Our guest preacher at St. Peter and Bethel this morning is none other than Stefan Gramenz, member of St. Peter and seminary student in the final year of his Master of Divinity Studies. What a pleasure and blessing to have him around for the holidays!
This Sunday, like the Sunday just after Easter, is usually a little anticlimactic - it doesn’t seem to measure up to the happiness and the excitement of Christmas a few days ago. Then, we sang all of the hymns that everyone waits for all year, we heard the story of Jesus’ birth from Luke’s Gospel, and many of our families got together and observed our usual Christmas traditions: eating, and opening gifts, and everything else we love about Christmas.
But what about now? The angels are nowhere in sight, the shepherds have gone back to their sheep, and that manger that Jesus was laying in is being used as a feeding trough again. And for us, it’s back to ordinary, everyday life. Back to school, back to work, back from vacation. And so it is for the holy family in the Gospel lesson today. They’re back to everyday life, back to the ordinary way of doing things. They’ve left Bethlehem, and they’ve gone up to Jerusalem and into the temple, so that they can fulfill the Law of God that said that every firstborn male must be presented in the temple to the Lord God.
And so we come to Simeon. Like the holy family, Simeon was not any ordinary man. St. Luke tells us that Simeon was unique: the Holy Spirit had revealed to him that he would not see death until he had seen the Lord’s Christ.
Can you imagine what life must have been like for Simeon? He lived every day knowing that he wouldn’t die before he had seen the Christ. He went to sleep every night and opened his eyes every morning with the hope and expectation that today could be the day! Today could be the day that he would finally see the Christ. In a way, Simeon stands in for all the faithful people of God over the centuries. From Adam and Eve to Abraham and David and Isaiah, God promised that he would send the Christ to save his people. So Simeon stands there, himself representing all the Old Testament people of God who waited and watched, morning and night, for the coming of the Christ. All the people who lived under the Law of God, to whom God had promised the Messiah, and who had died trusting in that promise.

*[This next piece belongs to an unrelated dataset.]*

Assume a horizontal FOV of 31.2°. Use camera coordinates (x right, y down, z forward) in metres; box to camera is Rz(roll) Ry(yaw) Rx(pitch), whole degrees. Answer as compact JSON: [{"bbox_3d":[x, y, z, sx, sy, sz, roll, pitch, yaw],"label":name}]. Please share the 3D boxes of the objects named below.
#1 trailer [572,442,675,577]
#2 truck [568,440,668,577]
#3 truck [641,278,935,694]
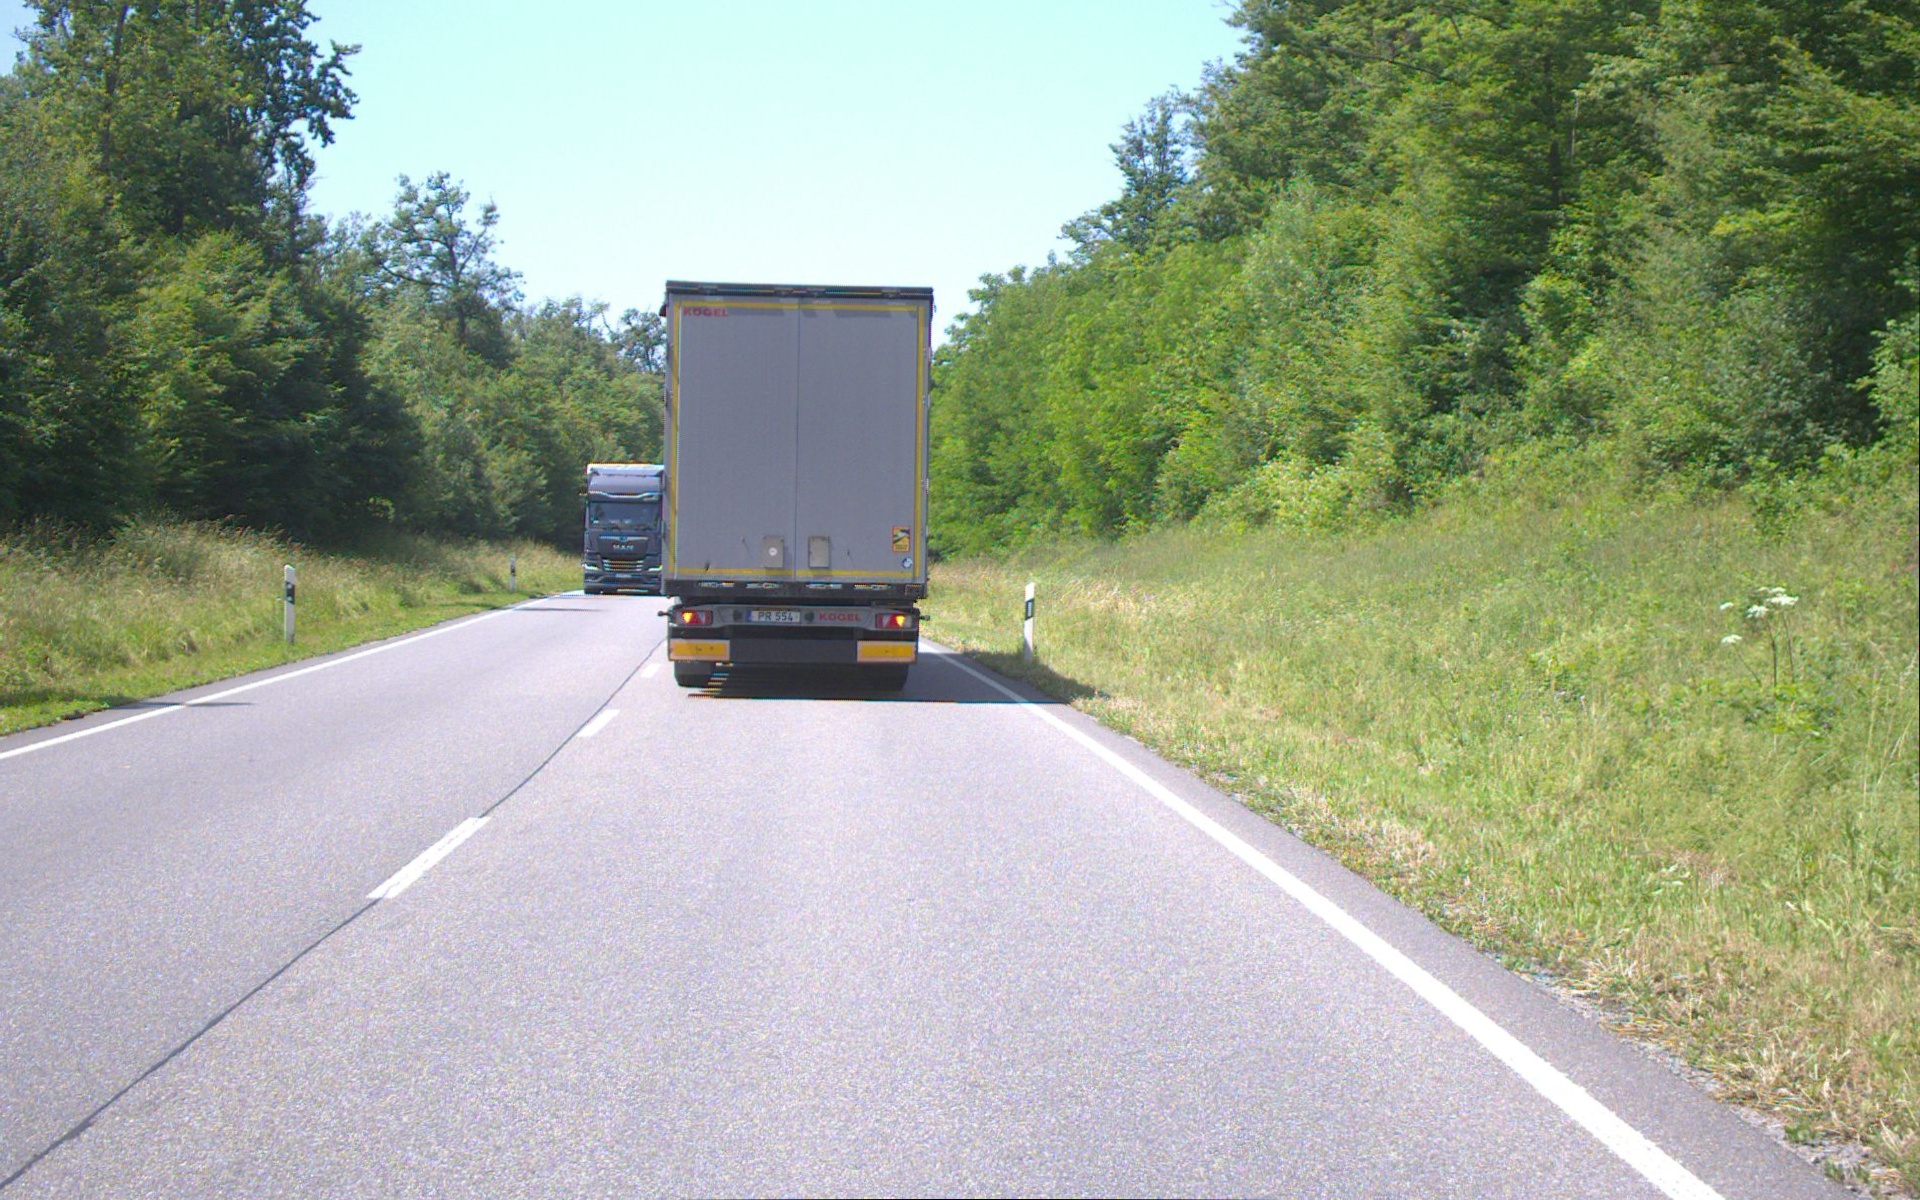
[{"bbox_3d":[-11.134,-2.996,114.856,2.941,4.238,13.622,0,1,-4],"label":"trailer"},{"bbox_3d":[-10.693,-2.865,107.977,2.922,4.201,5.344,0,1,-4],"label":"truck"},{"bbox_3d":[-1.986,-1.212,38.874,2.761,3.933,12.199,1,1,-3],"label":"truck"}]

And so Simeon stands there in the temple, waiting; the last in a long line of the faithful who have waited for the Christ. But this Christ isn’t like anything that anyone ever expected. This Christ didn’t return to his temple in a blaze of glory and triumph, so that everyone would know that he had arrived. No, he returns as an infant, just like any other boy. Simeon only knows who he is because the Holy Spirit told him. So Simeon comes to meet the Holy Family, and the three of them - Simeon, Mary, and Joseph - stand together, holding Jesus, in the middle of the ordinary crowds of people coming and going and praying and making sacrifices and offering incense. Nobody else knows. Nobody else realizes what is happening.
We’re not all that different. Here we are, gathered in the presence of Christ: a few people who have stopped what they are doing, who have put our lives on hold, and have come here, because Jesus holds our attention. While others have moved on from Christmas, while others go on with their ordinary lives and jobs, we realize that Jesus is still here, and that we aren’t done with Christmas yet. We’re only on the seventh day of Christmas, after all.
And the Holy Spirit isn’t quite done with Simeon yet. He’s told Simeon that this child is the one, and now Simeon turns to Mary, and speaks again, saying, “Behold, this Child is destined for the fall and rising of many in Israel.” Because Christmas isn’t all about stars and angels and shepherds. Christmas is about Jesus, about the God who is incarnate, who takes on human flesh and becomes a Child. And this child, this Jesus, will be the cause of people falling and rising, dying and being resurrected. The coming of Christ means death for the old ways of life - no more animal sacrifices, no more presentation of firstborn boys in the temple, no more burnt offerings. The coming of Christ means that the kingdom of God is expanding beyond the borders of Israel. It means new life and new hope for the whole world.
And now one more person in the temple notices. An eighty-four-year-old woman named Anna, who stays in the temple night and day, fasting and praying. She, too, sees Jesus. And she, like the shepherds before her, cannot contain her joy, but goes out and tells the whole city about the Christ, and about the coming redemption of God.
And now you find yourself in the place of Anna and Simeon. You find yourself in the house of God, ready to approach the presence of Jesus in his holy sacrament. You see the incarnation again, as Jesus descends from heaven and takes his place beneath the forms of bread and wine. But you, unlike Simeon, don’t gather up an infant in your arms. You receive Jesus in your mouth.
So do as Simeon did, and receive him here in faith and in joy. Then live as Simeon lived. Wake up every morning with the joy that today could be the day your Savior returns. Live as Anna lived, waiting out your life in prayer and fasting and telling others about Jesus. And when you die, die as Simeon died. Depart in peace, knowing that the same Lord that you have seen here beneath a veil, you will see one day face to face with your own eyes.